Boekbespreking

Vincent van Rossem, Stedenschennis. Stedenbouwkundige dwalingen

Als geen ander weet Vincent van Rossem, bijzonder hoogleraar in de monumentenzorg en de stedenbouw aan de Universiteit van Amsterdam, in woord en geschrift op te komen voor de monumenten in Amsterdam. Zijn stukken zijn altijd een genot om te lezen. In zijn lezingen kan het publiek wachten op ten minste een of twee gepeperde uitspraken, die zonneklaar maken wat hij bedoelt en soms vermakelijk zijn door de overdreven wijze van voorstellen. Bijna altijd ben ik het gloeiend met hem eens, als zou ik me, in zijn schoenen, in de meeste gevallen wel voorzichtiger hebben uitgedrukt. Het siert Van Rossem dat hij ook in de deftige ambiance van zijn in 2010 uitgesproken inaugurale rede bij het aanvaarden van zijn leerstoel de hyperbool niet schuwde. Dat betoog kunnen we nog eens op ons gemak nalezen, omdat het onlangs is uitgegeven als een prachtig boekje.

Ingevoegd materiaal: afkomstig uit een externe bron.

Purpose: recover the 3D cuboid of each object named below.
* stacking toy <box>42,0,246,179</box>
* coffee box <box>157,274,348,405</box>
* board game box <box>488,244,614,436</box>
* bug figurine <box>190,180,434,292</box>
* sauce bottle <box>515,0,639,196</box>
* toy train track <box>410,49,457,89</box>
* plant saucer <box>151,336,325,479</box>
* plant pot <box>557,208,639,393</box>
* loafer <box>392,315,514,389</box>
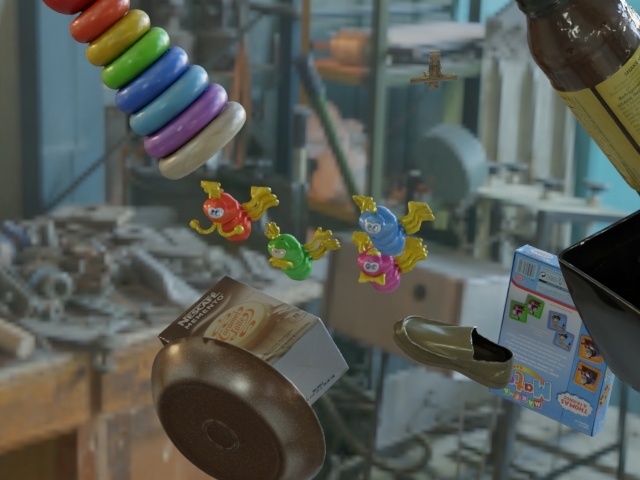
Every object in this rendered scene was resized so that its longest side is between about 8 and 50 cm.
[{"bbox_3d":[-0.251,-0.241,1.849,0.141,0.330,0.141,-38,14,11],"label":"stacking toy"},{"bbox_3d":[-0.096,0.153,1.930,0.141,0.098,0.246,-42,31,-19],"label":"coffee box"},{"bbox_3d":[0.311,0.130,1.845,0.160,0.211,0.039,22,27,30],"label":"board game box"},{"bbox_3d":[0.000,0.000,1.612,0.279,0.072,0.216,5,-21,24],"label":"bug figurine"},{"bbox_3d":[0.281,-0.177,1.398,0.111,0.344,0.111,-30,31,21],"label":"sauce bottle"},{"bbox_3d":[0.113,-0.173,1.406,0.048,0.014,0.083,-4,-17,2],"label":"toy train track"},{"bbox_3d":[-0.090,0.182,1.389,0.198,0.199,0.036,11,42,28],"label":"plant saucer"},{"bbox_3d":[0.392,0.080,1.518,0.187,0.167,0.188,-27,34,-18],"label":"plant pot"},{"bbox_3d":[0.153,0.116,1.587,0.148,0.050,0.056,21,41,-6],"label":"loafer"}]

Het verhaal begint met de bombardementen op Rotterdam en Middelburg tijdens de Tweede Wereldoorlog en gaat daarna in één adem door met de modernistische stedenbouw en de volkswoningbouw, die na de oorlog toepassing vond in veel Nederlandse steden. De meeste steden in Nederland kwamen er in de oorlog met betrekkelijk weinig oorlogsschade vanaf. De grootste offers aan historische structuren en materie moesten de oude binnensteden inderdaad brengen aan de naoorlogse plannen, vaak wederopbouwplannen. Van een stad als Nijmegen ging de bovenstad grotendeels verloren door een bombardement aan het einde van de oorlog. De benedenstad, de oude havenbuurt, waarvan Dick Berends in een snel uitgevoerde bouwhistorische verkenning vaststelde dat de huizen zo gemiddeld genomen uit de veertiende eeuw stamden, werd pas in de jaren zeventig gesloopt. Deze stad moest toen wijken voor de ambities op het vlak van de woningbouw van een wethouder van de PvdA. Ongeacht de politieke gezindte van de gemeenteraad bestonden er vrijwel in elke grotere gemeente plannen voor kaalslag en doorbraken. Zelfs in Enkhuizen, waar nog steeds weinig verkeer is, zijn in de jaren zeventig, vooruitlopend op overdreven ambitieuze plannen om Enkhuizen op te stoten in de vaart der volkeren, alvast twaalf oude huizen naar het Zuiderzeemuseum verplaatst. Stedelijke ambities gekoppeld aan modernistische stedenbouwkundige inzichten berokkenden de eeuwenoude stedelijke weefsels in Nederland na de oorlog inderdaad vaak meer schade dan bombardementen en andere oorlogshandelingen. Vrijwel geen stad in Nederland kwam er zonder kleerscheuren af.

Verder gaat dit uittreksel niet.